It should be noted that if the series inductance L is removed S2 Switching transistor M on the lower layer 4 The gate width of the upper layer switching transistor M is adjusted to 8 μ M 5 When the gate width of (2) is adjusted to 16 μm, the input impedance variation of the circuit in the on/off state can also be reduced. However, since the lower layer switching transistor M 4 And an upper switching transistor M 5 The gate widths become smaller and their corresponding resistance values become correspondingly larger, which reduces the isolation of the circuit in the off-state. Also, the series inductance L is removed S2 The gain of the circuit in the conducting state is reduced, and the on/off isolation of the circuit is further reduced.
Fig. 3 is a simulation result of the maximum achievable gain and on/off isolation of the conventional and modified stacked common-gate switching circuits. Compared with the traditional stacked common-gate switch circuit, the series inductance L is used S2 The maximum achievable gain of the improved stacked common-gate switching circuit 2 is improved; moreover, due to the series inductance L S2 Lower layer switching transistor M 4 And an upper switching transistor M 5 The combined use of the two-stage switching circuit improves the on/off isolation of the improved stacked common-gate switching circuit by 24.6dB.
Fig. 4 is a test result of the gain of the present invention in the on/off state. As can be seen, the working frequency band of the circuit is 20-30 GHz, the gain of the circuit in the on state is 18.4dB, the isolation degree of the circuit in the off state is-27.3 dB, and the on/off isolation degree of the circuit reaches 45.7dB.
Fig. 5 is a test result of input-output return loss of the present invention in the on/off state.

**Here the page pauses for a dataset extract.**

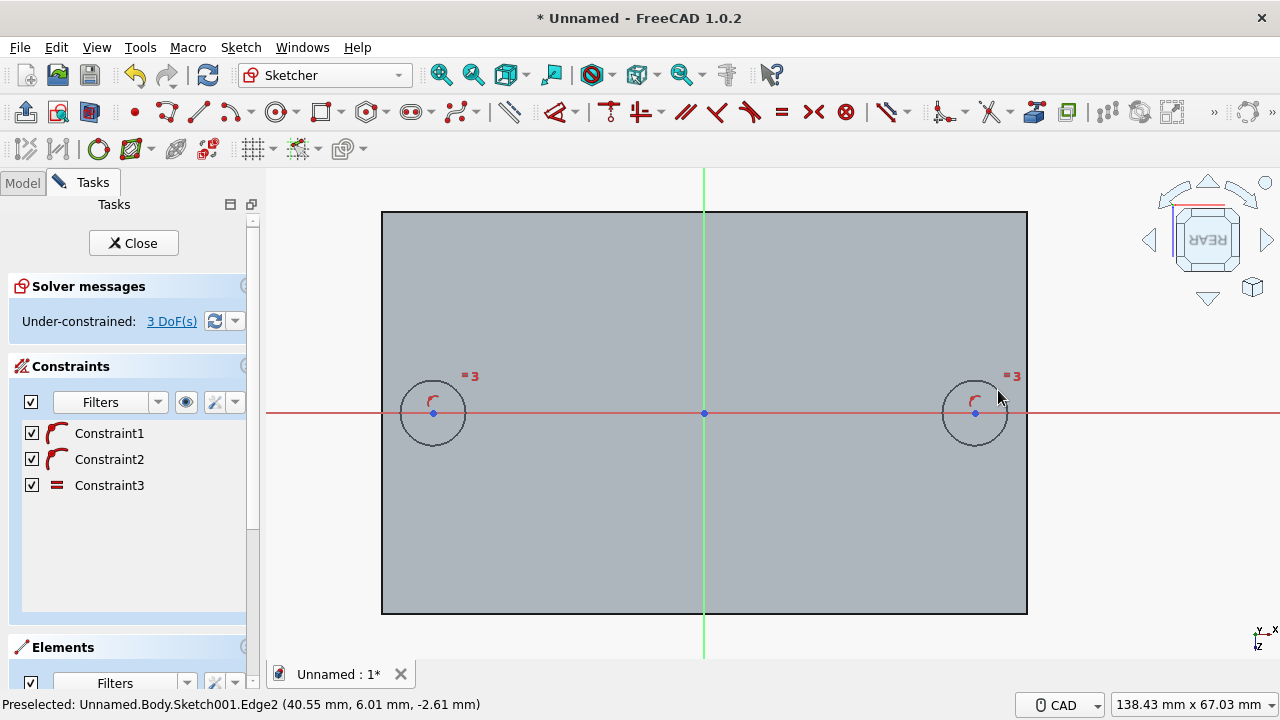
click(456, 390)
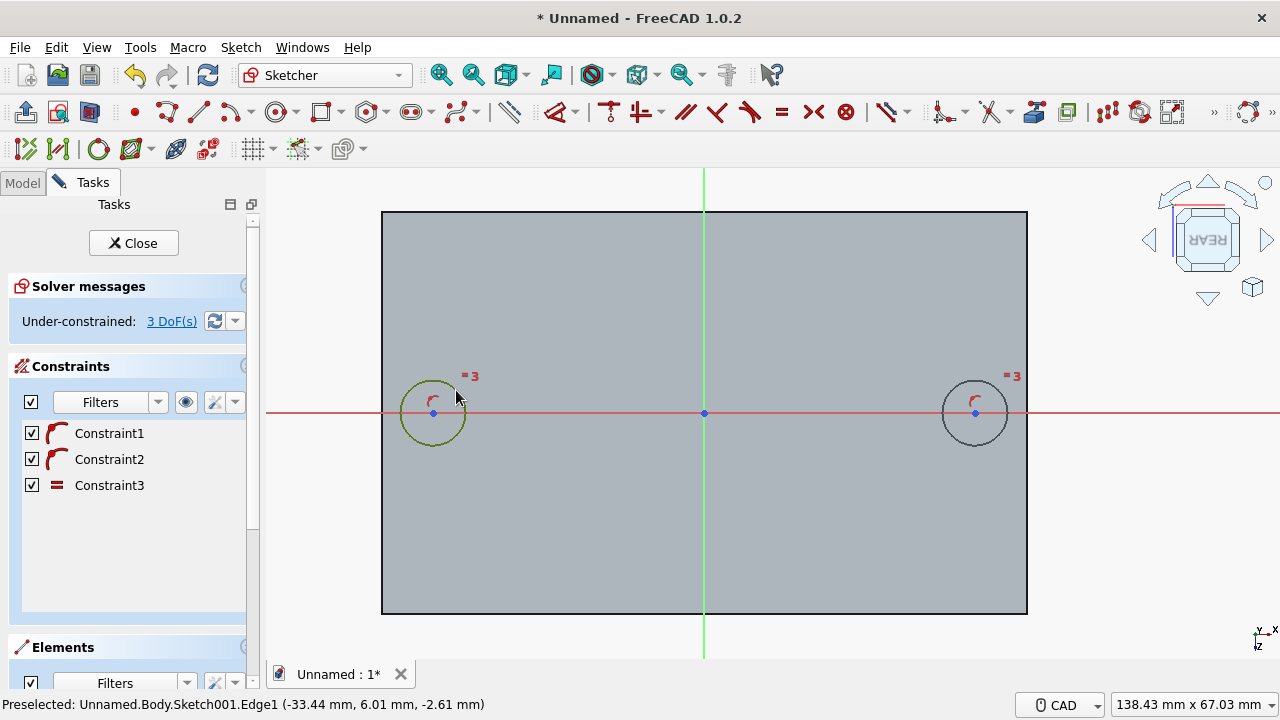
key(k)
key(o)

As can be seen, the input return loss (| S) of the circuit in the on/off state 11 And |) has small change, thereby realizing good and stable input matching and being beneficial to ensuring the stability of a signal source in an OOK system.
FIG. 6 is a test result of the time domain response waveform of the present invention under pulsed excitation. The total duration of the rising edge and the falling edge of the output signal in the graph is less than 300ps, which indicates that the OOK modulation rate can reach more than 3.3 Gbps. It should be noted that, in the off state of the circuit, the waveform of the output signal contains a certain noise, which is the noise introduced by the testing device itself, rather than the carrier leakage caused by the insufficient on/off isolation of the circuit, because the pulse control signal in the figure also has similar noise.

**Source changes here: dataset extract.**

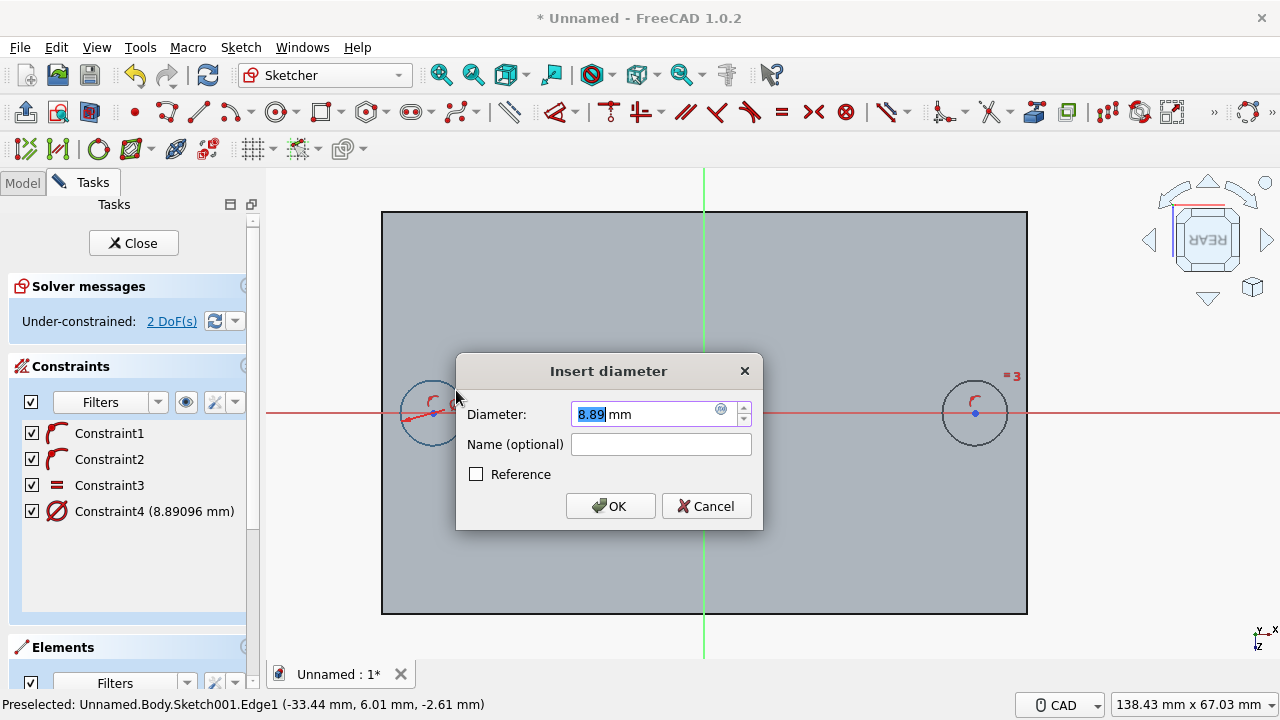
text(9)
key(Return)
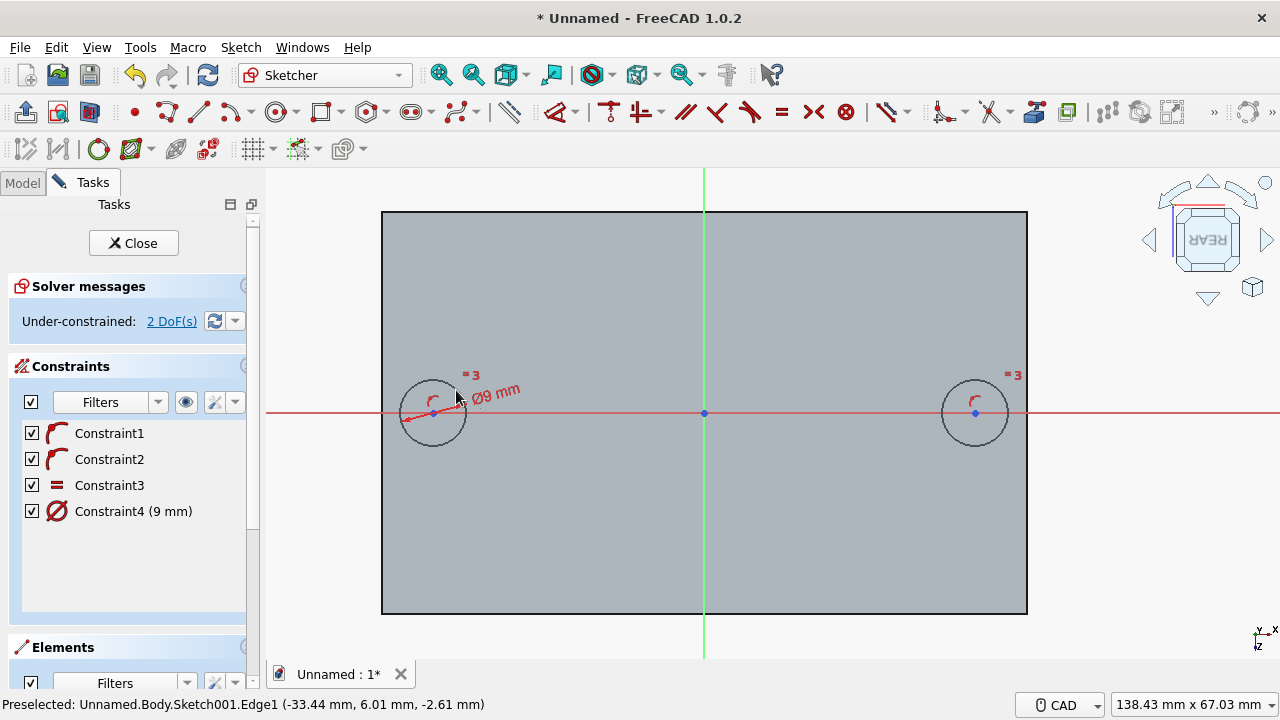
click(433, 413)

The invention is realized by adopting a silicon-based complementary metal oxide semiconductor integrated circuit process.
The above description is only of the preferred embodiments of the present invention, and it should be noted that: it will be apparent to those skilled in the art that various modifications and adaptations can be made without departing from the principles of the invention, and such modifications and adaptations are intended to be within the scope of the invention.
Claims (5)
1. Have millimeter wave on-off keying modulator that high isolation and stable input match concurrently, its characterized in that: comprises a common source circuit and a transformer T 1 The improved stacked common-gate switching circuit; a transformer T is arranged between the common source circuit and the improved laminated common gate switching circuit 1 Coupling is carried out;
the improved laminated common-gate switch circuit is formed by adding a series inductor L into a traditional laminated common-gate switch circuit S2 Lower layer switching transistor M 4 An upper switching transistor M 5 (ii) a Wherein, the lower and upper layer switch transistors M 4 And M 5 Respectively with the source electrodes of the lower and upper common-gate transistors of the conventional stacked common-gate switching circuitFirst-stage inverter I for connecting grid with conventional laminated common-grid switching circuit 1 Output terminal of the first stage inverter I 2 The input end of the first transistor is connected with the ground, and the source electrode of the first transistor is grounded; series inductance L S2 And is connected between the drain electrode of the lower common-gate transistor and the source electrode of the upper common-gate transistor of the traditional stacked common-gate switching circuit.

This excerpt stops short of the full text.